Your objective
Look through the records below and collect all lines that hold the string "Objects".

Dataset entries:
--- START ---

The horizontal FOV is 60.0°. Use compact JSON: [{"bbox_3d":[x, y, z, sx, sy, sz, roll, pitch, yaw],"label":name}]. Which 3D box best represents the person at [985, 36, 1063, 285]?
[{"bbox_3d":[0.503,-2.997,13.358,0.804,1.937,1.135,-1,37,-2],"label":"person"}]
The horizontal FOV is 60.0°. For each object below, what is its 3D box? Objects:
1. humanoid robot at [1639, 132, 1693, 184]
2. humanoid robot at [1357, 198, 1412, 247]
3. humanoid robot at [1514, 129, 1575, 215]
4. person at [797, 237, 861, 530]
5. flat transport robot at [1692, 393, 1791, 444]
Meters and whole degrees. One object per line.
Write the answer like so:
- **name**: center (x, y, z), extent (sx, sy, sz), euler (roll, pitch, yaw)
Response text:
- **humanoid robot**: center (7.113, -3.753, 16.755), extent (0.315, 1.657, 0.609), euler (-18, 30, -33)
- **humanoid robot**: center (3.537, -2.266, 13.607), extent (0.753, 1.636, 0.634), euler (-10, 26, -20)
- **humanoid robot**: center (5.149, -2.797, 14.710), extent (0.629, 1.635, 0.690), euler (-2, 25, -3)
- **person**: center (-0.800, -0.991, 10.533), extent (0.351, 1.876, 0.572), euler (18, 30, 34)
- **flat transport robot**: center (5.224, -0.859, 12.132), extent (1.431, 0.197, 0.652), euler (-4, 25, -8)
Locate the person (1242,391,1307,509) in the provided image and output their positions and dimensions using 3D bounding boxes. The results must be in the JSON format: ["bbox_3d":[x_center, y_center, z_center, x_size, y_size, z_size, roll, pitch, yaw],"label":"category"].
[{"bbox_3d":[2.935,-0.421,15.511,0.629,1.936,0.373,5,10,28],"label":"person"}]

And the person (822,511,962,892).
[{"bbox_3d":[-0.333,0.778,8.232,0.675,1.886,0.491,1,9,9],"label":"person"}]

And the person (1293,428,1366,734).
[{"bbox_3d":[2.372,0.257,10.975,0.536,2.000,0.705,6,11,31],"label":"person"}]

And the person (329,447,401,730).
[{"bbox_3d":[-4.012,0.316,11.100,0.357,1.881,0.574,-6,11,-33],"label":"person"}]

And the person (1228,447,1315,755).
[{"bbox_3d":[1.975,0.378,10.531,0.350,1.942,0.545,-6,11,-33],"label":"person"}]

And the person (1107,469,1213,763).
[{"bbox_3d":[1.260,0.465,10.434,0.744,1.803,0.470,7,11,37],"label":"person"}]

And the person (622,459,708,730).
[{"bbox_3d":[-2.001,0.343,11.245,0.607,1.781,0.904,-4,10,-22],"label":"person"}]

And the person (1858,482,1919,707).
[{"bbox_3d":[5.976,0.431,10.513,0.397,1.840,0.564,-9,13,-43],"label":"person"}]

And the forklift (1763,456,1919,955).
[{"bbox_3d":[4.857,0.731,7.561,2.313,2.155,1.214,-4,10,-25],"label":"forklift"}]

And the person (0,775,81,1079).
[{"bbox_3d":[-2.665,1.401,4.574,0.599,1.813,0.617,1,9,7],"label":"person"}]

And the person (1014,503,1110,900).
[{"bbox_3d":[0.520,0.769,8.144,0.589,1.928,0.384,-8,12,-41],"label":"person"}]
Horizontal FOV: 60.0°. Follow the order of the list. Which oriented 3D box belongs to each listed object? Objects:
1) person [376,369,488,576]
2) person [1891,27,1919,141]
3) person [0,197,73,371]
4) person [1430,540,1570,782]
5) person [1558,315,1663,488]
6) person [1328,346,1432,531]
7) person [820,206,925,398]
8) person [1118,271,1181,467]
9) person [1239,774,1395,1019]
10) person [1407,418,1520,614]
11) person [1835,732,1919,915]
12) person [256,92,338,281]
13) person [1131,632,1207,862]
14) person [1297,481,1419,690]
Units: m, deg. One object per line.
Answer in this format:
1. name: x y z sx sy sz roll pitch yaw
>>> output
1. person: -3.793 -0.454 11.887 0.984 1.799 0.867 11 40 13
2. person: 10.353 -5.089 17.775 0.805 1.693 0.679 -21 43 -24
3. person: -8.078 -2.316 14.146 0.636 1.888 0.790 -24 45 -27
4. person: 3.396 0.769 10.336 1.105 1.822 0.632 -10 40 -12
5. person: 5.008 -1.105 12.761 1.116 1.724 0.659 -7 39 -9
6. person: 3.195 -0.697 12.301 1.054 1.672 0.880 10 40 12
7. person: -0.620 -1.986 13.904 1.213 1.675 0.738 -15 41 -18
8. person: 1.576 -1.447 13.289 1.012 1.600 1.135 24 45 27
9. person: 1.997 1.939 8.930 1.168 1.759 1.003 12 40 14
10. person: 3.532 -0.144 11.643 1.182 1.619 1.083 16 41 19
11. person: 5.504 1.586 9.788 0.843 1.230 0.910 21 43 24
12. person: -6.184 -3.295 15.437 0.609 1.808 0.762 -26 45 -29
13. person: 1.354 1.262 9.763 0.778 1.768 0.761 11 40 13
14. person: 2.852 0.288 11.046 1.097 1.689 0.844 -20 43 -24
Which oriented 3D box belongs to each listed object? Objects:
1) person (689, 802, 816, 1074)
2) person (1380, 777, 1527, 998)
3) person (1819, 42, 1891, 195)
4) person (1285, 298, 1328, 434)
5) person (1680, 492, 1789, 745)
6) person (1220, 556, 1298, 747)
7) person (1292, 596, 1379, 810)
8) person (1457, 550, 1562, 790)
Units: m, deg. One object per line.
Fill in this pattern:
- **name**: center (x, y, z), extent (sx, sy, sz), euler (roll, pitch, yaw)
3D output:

--- END ---

Answer space
The horizontal FOV is 60.0°. For each object below, what is its 3D box? Objects:
Horizontal FOV: 60.0°. Follow the order of the list. Which oriented 3D box belongs to each listed object? Objects:
Which oriented 3D box belongs to each listed object? Objects:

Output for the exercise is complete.